Task statement ▸ Only the pictures should be left out; write out all other data exactly.

Data shown ▸

━━━━

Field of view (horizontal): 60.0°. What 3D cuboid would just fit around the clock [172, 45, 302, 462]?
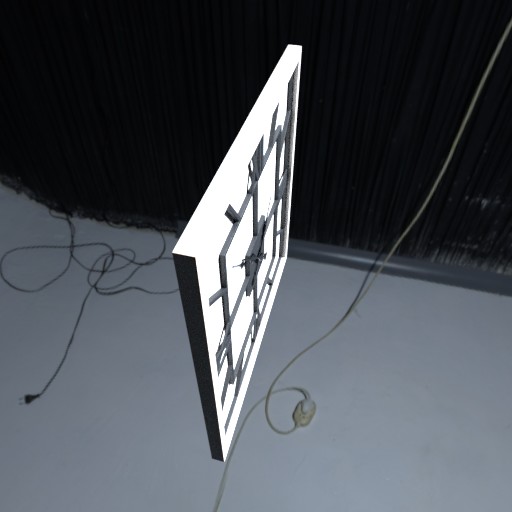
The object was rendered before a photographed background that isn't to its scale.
[{"bbox_3d":[0.000,0.000,1.046,0.032,0.705,0.705,11,47,10],"label":"clock"}]

━━━━

Answer for the task ▸
Field of view (horizontal): 60.0°. What 3D cuboid would just fit around the clock [172, 45, 302, 462]?
The object was rendered before a photographed background that isn't to its scale.
[{"bbox_3d":[0.000,0.000,1.046,0.032,0.705,0.705,11,47,10],"label":"clock"}]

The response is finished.